The magnitude of the total kinetic energy is significantly smaller than the magnitude of the total internal energy. Hence, most of the magnetic energy released is appearing as heat and not motion. However, the small changes in the kinetic energy are easier to detect and rapid increases in kinetic energy are clear indicators of dynamical events. In all four cases, the kinetic energy only begins to rise rapidly at about t = 65 (see Fig. 5) as the unstable righthand thread is excited. It then peaks twice, reaching a maximum of 0.136 around t = 115, followed by a slow decay. Without the second thread, this slow decay would continue as the magnetic field relaxes. For Case 1, the kinetic energy begin to rise again around t = 165, as the second thread is driven unstable. Case 2, however, shows a much earlier rapid rise at time t = 132, followed by a fast decay around t = 150. By the end of the simulations, there is more kinetic energy left in Case 1, suggesting that this configuration still has to reach its final Taylor relaxed state.

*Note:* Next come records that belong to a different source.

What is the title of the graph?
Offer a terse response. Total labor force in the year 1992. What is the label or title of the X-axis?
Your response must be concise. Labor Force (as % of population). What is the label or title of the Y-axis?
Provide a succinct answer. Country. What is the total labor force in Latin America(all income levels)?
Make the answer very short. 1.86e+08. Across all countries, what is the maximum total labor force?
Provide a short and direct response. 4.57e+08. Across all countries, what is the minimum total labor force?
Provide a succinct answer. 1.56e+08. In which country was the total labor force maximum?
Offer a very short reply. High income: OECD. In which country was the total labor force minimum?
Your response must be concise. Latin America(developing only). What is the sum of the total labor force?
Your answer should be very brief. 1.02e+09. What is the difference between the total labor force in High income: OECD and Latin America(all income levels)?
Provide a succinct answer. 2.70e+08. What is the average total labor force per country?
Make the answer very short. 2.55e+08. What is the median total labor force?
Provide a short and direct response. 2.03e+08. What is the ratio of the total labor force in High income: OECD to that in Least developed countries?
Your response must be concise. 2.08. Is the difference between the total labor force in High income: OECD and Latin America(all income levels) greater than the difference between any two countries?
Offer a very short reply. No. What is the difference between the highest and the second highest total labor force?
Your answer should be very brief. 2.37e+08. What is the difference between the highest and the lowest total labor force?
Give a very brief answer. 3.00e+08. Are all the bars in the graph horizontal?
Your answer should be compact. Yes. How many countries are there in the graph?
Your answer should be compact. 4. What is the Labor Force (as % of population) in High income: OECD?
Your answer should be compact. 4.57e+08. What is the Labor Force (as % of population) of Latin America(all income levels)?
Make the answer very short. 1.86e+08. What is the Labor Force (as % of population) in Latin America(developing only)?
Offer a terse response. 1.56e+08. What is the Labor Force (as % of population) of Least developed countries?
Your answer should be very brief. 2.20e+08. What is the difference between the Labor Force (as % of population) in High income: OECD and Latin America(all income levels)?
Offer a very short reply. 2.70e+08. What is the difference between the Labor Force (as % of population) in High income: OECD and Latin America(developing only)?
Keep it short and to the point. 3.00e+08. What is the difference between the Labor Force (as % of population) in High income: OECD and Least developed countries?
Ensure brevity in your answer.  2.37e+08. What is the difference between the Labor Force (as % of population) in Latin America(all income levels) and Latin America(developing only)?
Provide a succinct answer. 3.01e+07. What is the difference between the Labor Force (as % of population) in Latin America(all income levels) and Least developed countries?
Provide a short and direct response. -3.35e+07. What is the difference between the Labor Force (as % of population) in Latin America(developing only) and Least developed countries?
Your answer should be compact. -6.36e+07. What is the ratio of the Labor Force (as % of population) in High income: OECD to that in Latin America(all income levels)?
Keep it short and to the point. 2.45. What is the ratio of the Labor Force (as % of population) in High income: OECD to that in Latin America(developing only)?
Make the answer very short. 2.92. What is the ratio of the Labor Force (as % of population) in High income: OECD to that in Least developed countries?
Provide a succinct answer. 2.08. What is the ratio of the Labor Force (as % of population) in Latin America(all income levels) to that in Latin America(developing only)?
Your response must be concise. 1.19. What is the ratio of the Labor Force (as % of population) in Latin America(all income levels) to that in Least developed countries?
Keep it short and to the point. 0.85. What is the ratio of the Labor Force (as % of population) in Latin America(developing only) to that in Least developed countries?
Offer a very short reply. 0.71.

When the lefthand thread has a stable twist profile, the kinetic energy behaves initially as expected, in response to the unstable righthand thread. The black curve in Fig. 5b peaks only twice, followed by a gentle decay without any further increase. Clearly only the energy in the unstable thread has been released. However, in Case 4, the threads are placed next to each other and the kinetic energy shows a dramatic increase as the second stable thread is destabilised by the disturbances of the unstable thread.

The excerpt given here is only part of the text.